# Exercise requirements:
With nothing added or dropped, copy the data that follows exactly.

# Saved entries:
====
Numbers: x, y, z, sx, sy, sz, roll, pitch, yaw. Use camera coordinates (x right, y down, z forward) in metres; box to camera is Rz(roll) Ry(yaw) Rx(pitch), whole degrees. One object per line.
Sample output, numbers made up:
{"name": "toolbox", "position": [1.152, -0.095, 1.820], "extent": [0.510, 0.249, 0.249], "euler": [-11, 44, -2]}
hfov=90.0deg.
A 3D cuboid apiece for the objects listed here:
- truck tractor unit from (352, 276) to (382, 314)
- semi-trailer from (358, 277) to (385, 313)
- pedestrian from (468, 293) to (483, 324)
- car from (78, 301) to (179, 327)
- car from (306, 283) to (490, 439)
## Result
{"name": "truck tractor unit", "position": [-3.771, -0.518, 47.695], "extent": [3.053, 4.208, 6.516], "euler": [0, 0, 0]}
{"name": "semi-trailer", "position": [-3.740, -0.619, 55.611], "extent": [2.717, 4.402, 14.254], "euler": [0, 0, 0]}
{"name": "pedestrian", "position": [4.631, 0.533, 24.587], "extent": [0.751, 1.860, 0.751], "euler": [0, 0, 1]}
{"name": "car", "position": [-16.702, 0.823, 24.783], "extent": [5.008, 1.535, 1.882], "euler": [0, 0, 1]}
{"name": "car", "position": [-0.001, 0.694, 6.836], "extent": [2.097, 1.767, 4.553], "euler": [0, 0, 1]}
====
# Expected answer:
Numbers: x, y, z, sx, sy, sz, roll, pitch, yaw. Use camera coordinates (x right, y down, z forward) in metres; box to camera is Rz(roll) Ry(yaw) Rx(pitch), whole degrees. One object per line.
Sample output, numbers made up:
{"name": "toolbox", "position": [1.152, -0.095, 1.820], "extent": [0.510, 0.249, 0.249], "euler": [-11, 44, -2]}
hfov=90.0deg.
A 3D cuboid apiece for the objects listed here:
- truck tractor unit from (352, 276) to (382, 314)
- semi-trailer from (358, 277) to (385, 313)
- pedestrian from (468, 293) to (483, 324)
- car from (78, 301) to (179, 327)
- car from (306, 283) to (490, 439)
## Result
{"name": "truck tractor unit", "position": [-3.771, -0.518, 47.695], "extent": [3.053, 4.208, 6.516], "euler": [0, 0, 0]}
{"name": "semi-trailer", "position": [-3.740, -0.619, 55.611], "extent": [2.717, 4.402, 14.254], "euler": [0, 0, 0]}
{"name": "pedestrian", "position": [4.631, 0.533, 24.587], "extent": [0.751, 1.860, 0.751], "euler": [0, 0, 1]}
{"name": "car", "position": [-16.702, 0.823, 24.783], "extent": [5.008, 1.535, 1.882], "euler": [0, 0, 1]}
{"name": "car", "position": [-0.001, 0.694, 6.836], "extent": [2.097, 1.767, 4.553], "euler": [0, 0, 1]}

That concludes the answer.